Mystery European Gig (The Symbols BS 38-39)

Musikhalle, Hamburg, Germany March 10th, 1970

Disc 1: Were gonna groove, I cant quit you baby, Dazed and confused, Heartbreaker, White summer/Black mountain side, Since Ive been loving you, Organ solo/Thank you (fades out)

Disc 2: What is and what should never be, Moby dick (slightly cut), How many more times (inc. The hunter, Boogie chillun, Truckin little mama, Rollin and tumblin, Down by the riverside, Traveling Riverside blues, Long distance call blues, The lemon song), Whole lotta love.

There has been lot of speculation about the place where this gig is recorded. Some people say its Hamburg, some people (and back cover of the CD) say its Frankfurt. Personally, I place this show to Hamburg, as Plant clearly mentions Hamburg in the beginning of How many more times. Anyway, now to the show itself. Were Gonna Groove kicks off the show. At this point, sound quality is still little murky but in I cant quit you baby it has get better. Dazed and confused has grown itself almost a 20-minute long epic and Heartbeaker has a very quiet intro. And if you listen carefully, you can hear Plant starting to sing first lines from Living loving maid (She's a woman) after the song is finished.
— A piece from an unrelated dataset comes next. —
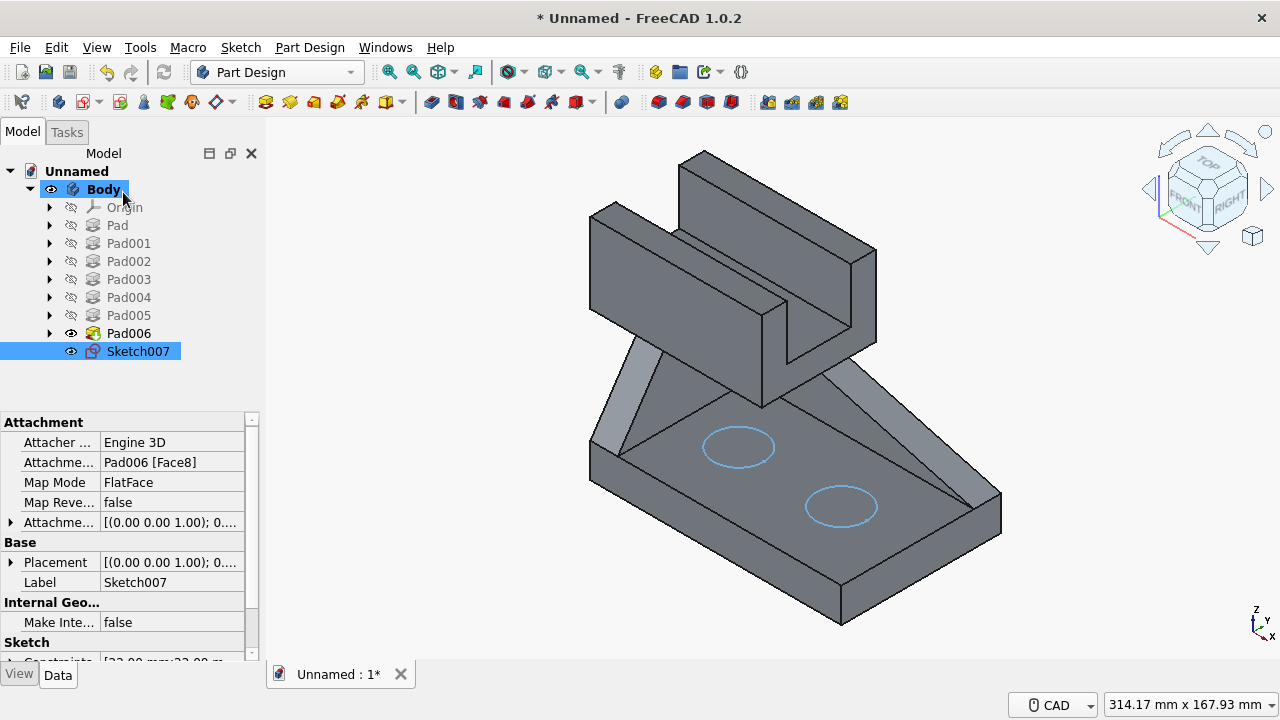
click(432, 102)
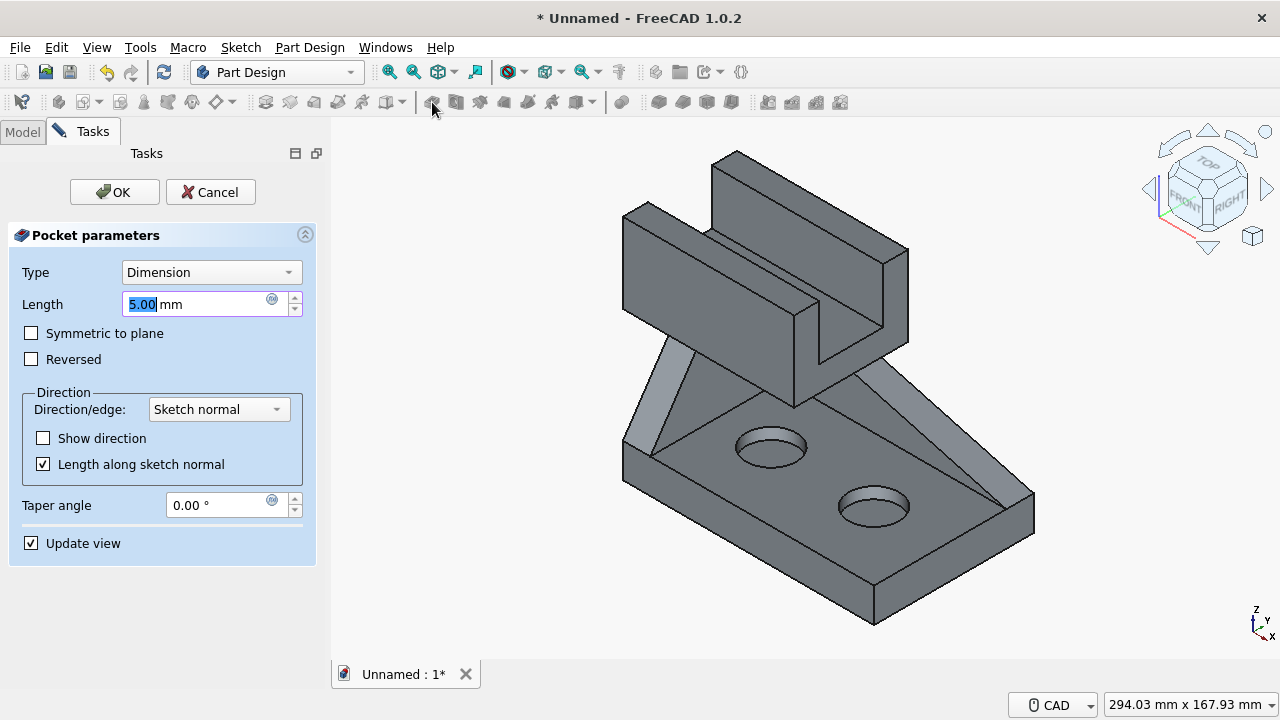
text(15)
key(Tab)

White summer/Black mountain side is on turn next and before the song starts, somebody from the audience shouts something in German (something funny, I guess, `cause the audience starts to laugh). Next the preview from LED ZEPPELIN III (released in October 1970), the slow blues Since Ive been loving you. As this piece is finished, Jones starts his organ solo (he is doing marvelous job again), which is followed by Thank you (personally, I think this version is one of the strongest they ever played live). Unfortunately this brilliant piece fades out just before the final verse is about to begin. Disc 2 starts with What is and what should never be from the second album. Then its time for John Bonham and Moby dick. Bonham plays this piece like he has always played and very polite audience applauses for him after he has finished his playing. The long (one of the longest ever played) How many more times medley follows and Plant introduces the band members. Then its the final track Whole Lotta love and another marvelous night is over. (Petri Kaasalainen July 99)
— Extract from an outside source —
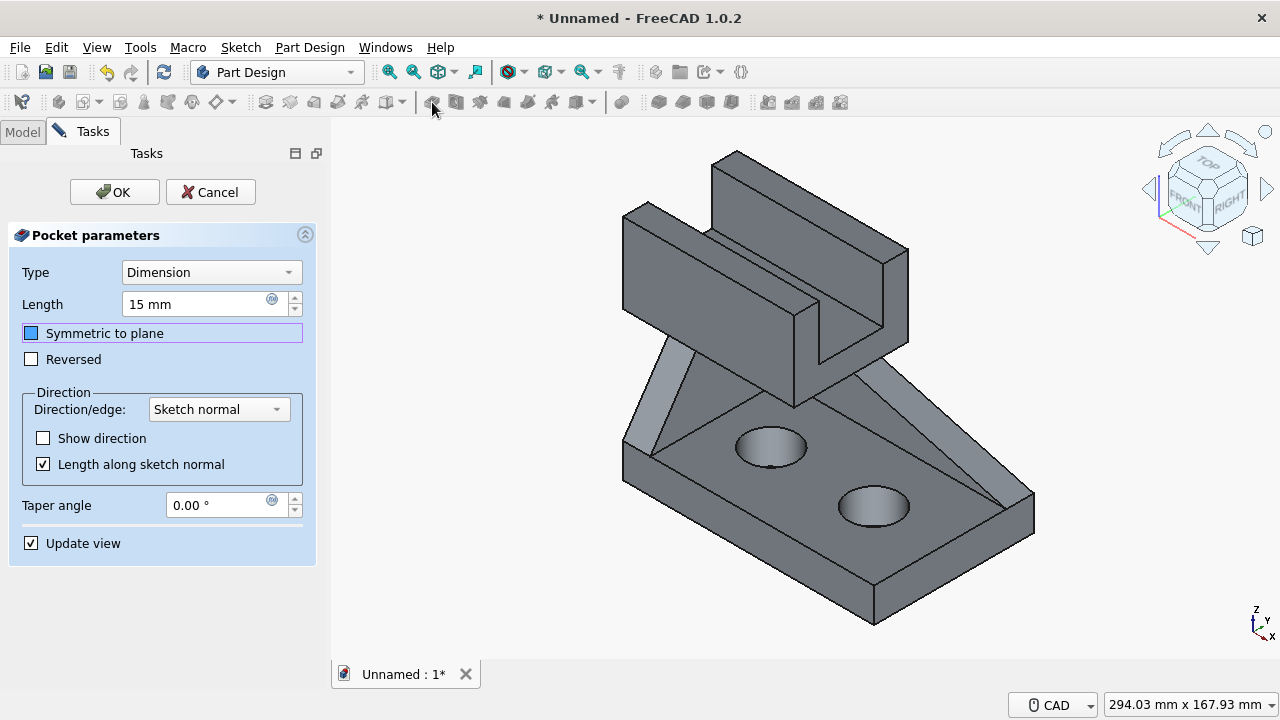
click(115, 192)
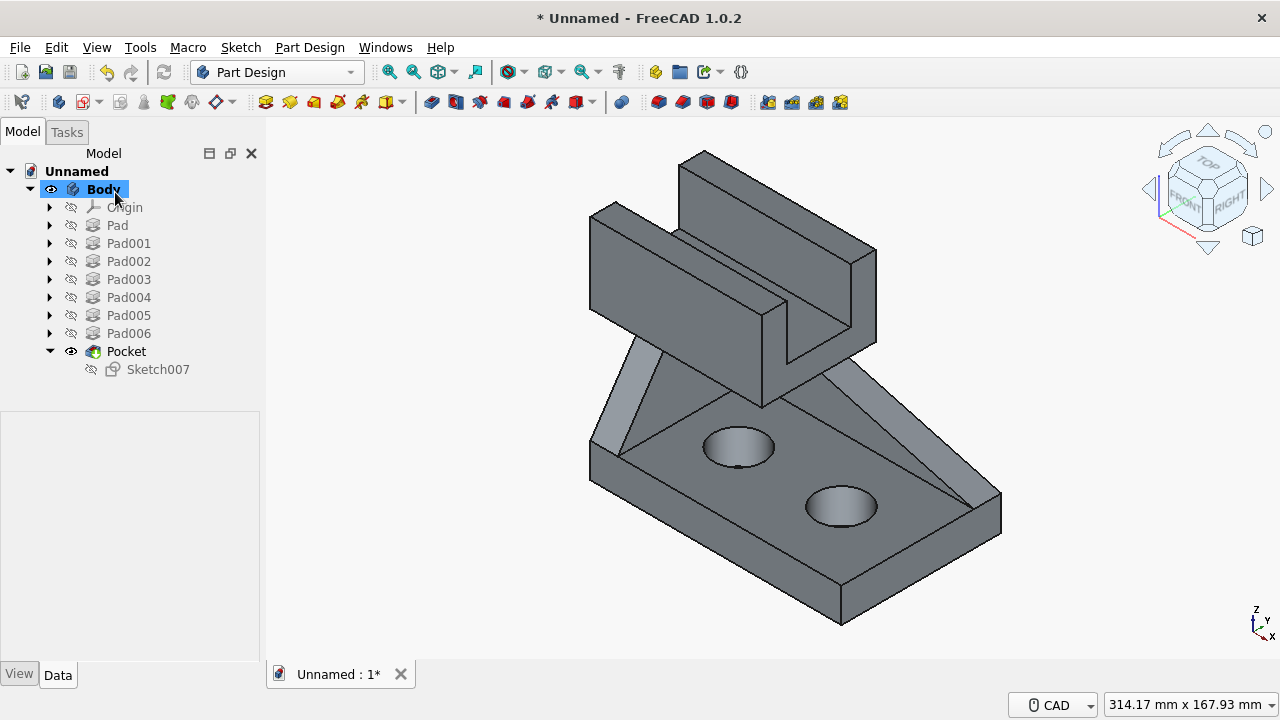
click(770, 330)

“Lili Marleen / Led Zeppelin” – Tarantura, TCD 49 and 50
March 10-11, 1970

CD 1 (48:04): We’re Gonna Groove; I Can’t Quit You; Dazed and Confused; Heartbreaker; and White Summer/Black Mountain Side
CD 2 (1:07:18): Since I’ve Been Loving You; Organ Solo/Thank You; What is and What Should Never Be; Moby Dick; How Many More Times; and Whole Lotta Love
CD 3 (52:36): Opening; We’re Gonna Groove; I Can’t Quit You; Dazed and Confused; Heartbreaker; and White Summer/Black Mountain Side
CD 4 (1:05:12): Since I’ve Been Loving You; Organ Solo/Thank You; Moby Dick; How Many More Times; and Whole Lotta Love (end cut)

I don’t believe it can be reasonably disputed that Tarantura is head of the class when it comes to attractive, creative, and suitable packaging for its Zeppelin concert titles.  “Lili Marleen” continues this desirable pattern, presenting the March 10 and 11, 1970 shows in Germany on 4 attractive discs.  Each disc rests in a paper sleeve that slides into separate portions of a quad-fold case finished in a nice satin, coffee color.  A number of German postage stamps are reproduced on the case’s front, which opens to display a battered sign reading “these premises were totally destroyed by a Led Zeppelin raid during the world tour on March 10, 11, 1970, rebuilt 2006.”  After listening to these shows on Lili Marleen, I don’t doubt this statement one bit.  This first-class production perfectly complements the very good, to very good plus audio, with discs 1 and 2 entitled “Down by the River”, and discs 3 and 4 entitled “Shake `Em on Down.”  It also bears mentioning that I have had these shows in my collection for years but, until now, I have not been able to fully enjoy them due to the sound quality.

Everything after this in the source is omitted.